On February 28, please join us for a conversation on High-Tech Sunday with Rev. Jerome Stephens, community outreach director for U. S. Senator Benjamin Cardin, a leader on healthcare, the environment, and fiscal issues. Rev. Stephen is a civil rights activist and community leader. He assisted with the book, The Black Mega-Church, by Dr. Tamelyn Tucker-Worgs.
High-Tech Sunday’s weekly program is produced by Career Communications Group for thought leaders, students, and professionals in the science, technology, engineering, and math (STEM) community, to bring a concentrated discussion around technological advancements and achievements based on universal moral principles.
Rev. Stephens is an associate minister at the New Shiloh Baptist Church of Baltimore with Rev. Dr. Harold A. Carter, Jr. He is active with the United Baptist Missionary Convention of Maryland.
As president of the New Shiloh Village Broad, over 10 million dollars in funds were obtained to build an 81-unit senior building. As liaison for Baltimore City for the National Baptist Convention, the convention provided over 50 million dollars in revenues for Baltimore City and the State of Maryland. Rev. Stephens also assisted with the National Urban League Conference and NAACP Convention when they were held in Baltimore City. He has volunteered with the Progressive National Baptist Convention and the National Baptist Convention on public policy and media issues.
Born in Plain Dealing, Louisiana, Stephens attended Carrie Martin High School named after his aunt, a pioneer in education. At Southern University, he earned a bachelor’s degree in political science.
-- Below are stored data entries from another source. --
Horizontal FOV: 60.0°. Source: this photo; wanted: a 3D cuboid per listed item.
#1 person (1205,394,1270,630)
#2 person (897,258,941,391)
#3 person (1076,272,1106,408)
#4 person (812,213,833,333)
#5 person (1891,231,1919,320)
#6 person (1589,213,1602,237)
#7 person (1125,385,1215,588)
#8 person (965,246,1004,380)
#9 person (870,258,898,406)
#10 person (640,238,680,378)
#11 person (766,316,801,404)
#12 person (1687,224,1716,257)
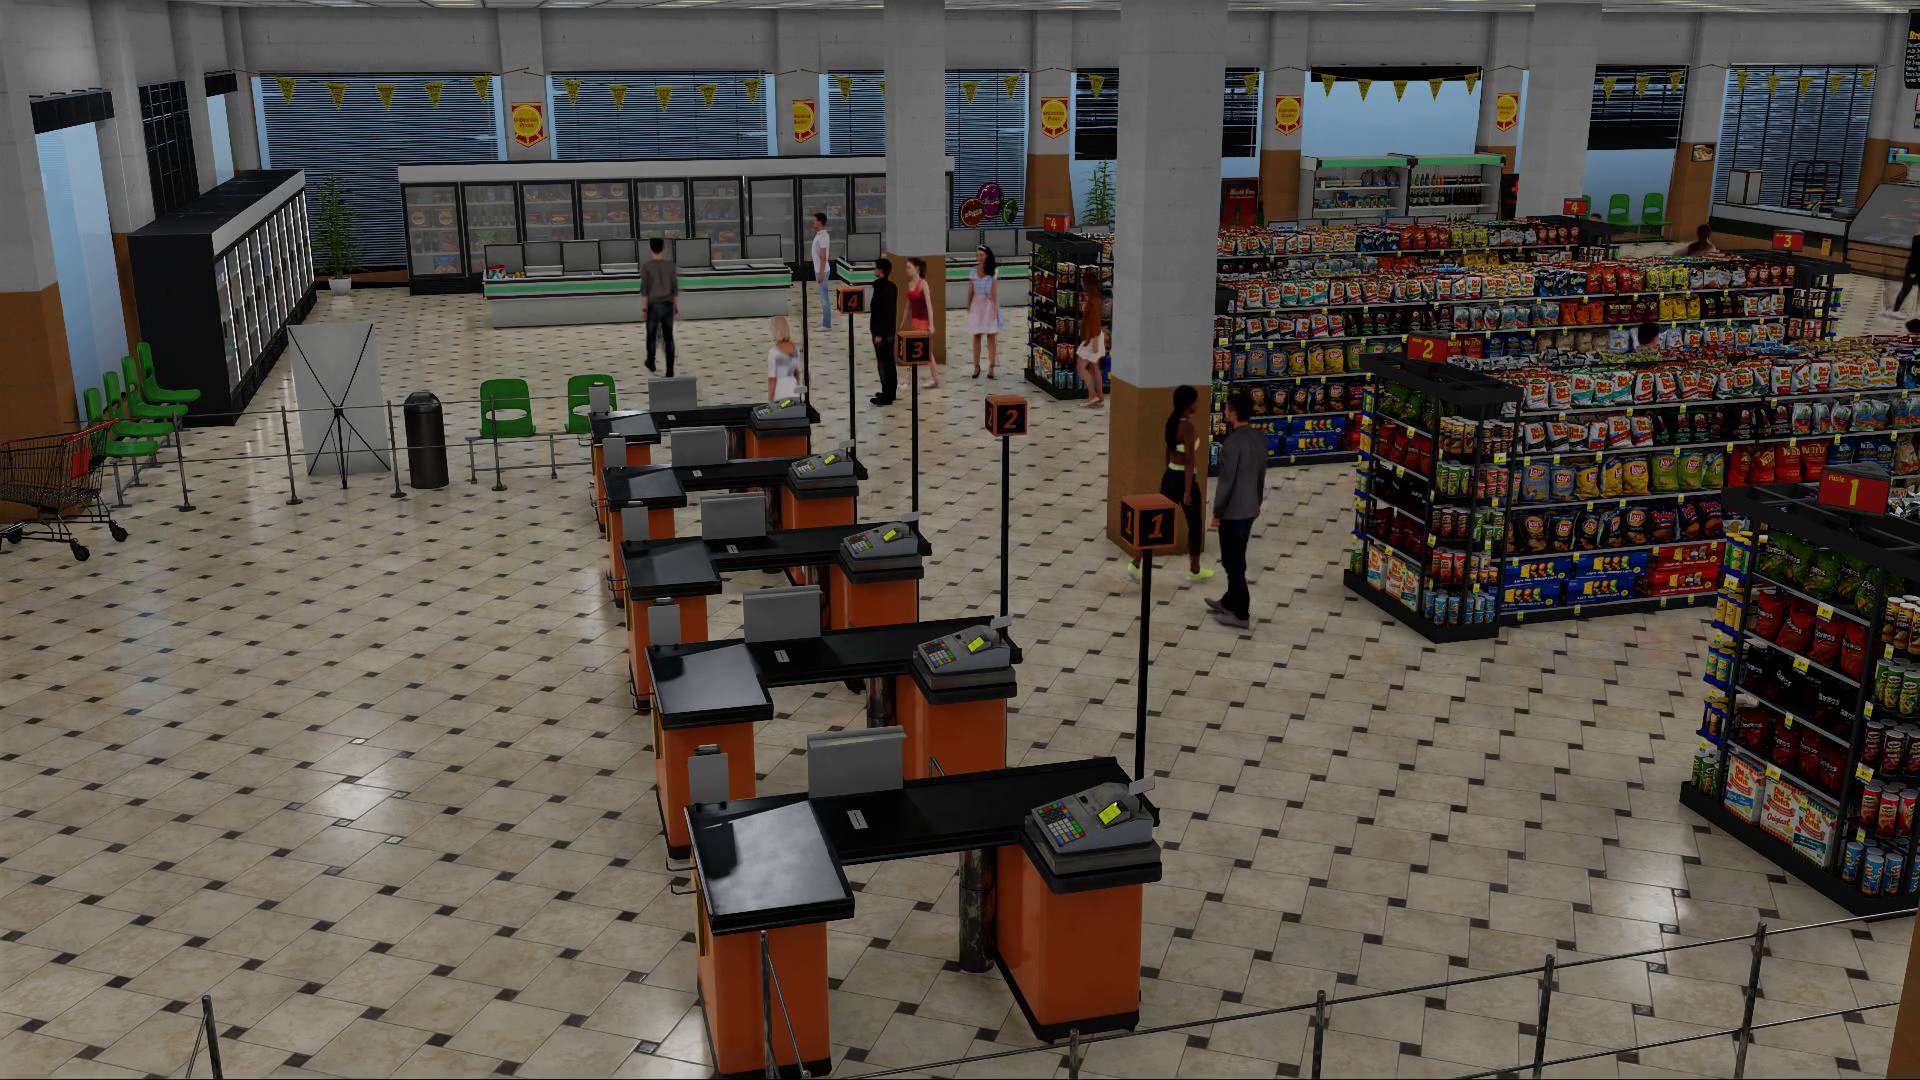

He is also a graduate of The Determined Biblical & Theological Institute of Baltimore, Maryland, and holds memberships in the Associated Black Charities Leadership Program, New Shiloh Baptist Church, NAACP, Phi Beta Sigma, Minister’s Conference of Baltimore & Vicinity, Southern University Alumni Federation, The IMA, Visit Baltimore, and The William E. Proudford Sickle Cell Fund.
Rev. Stephens is a recipient of many awards including the Fulwood Foundation award for community service, a Community Award from the NAACP of Baltimore City, and the Interfaith Leadership Award from Central Maryland Ecumenical Council, Distinguish Clergy Award.
Rev. Stephens has been married for over thirty-five years to Paula, a retired administrator from the State of Maryland and a Morgan State University graduate. Their two daughters are fourth-generation graduates of Historic Black Colleges and Universities (HBCUs), Candice, a graduate of the University of Maryland Eastern Shore, and Brittany, a graduate of Lincoln University, Central State University, and a leadership certificate in education from Harvard University. They have one grandson, Master Ashton Isaiah.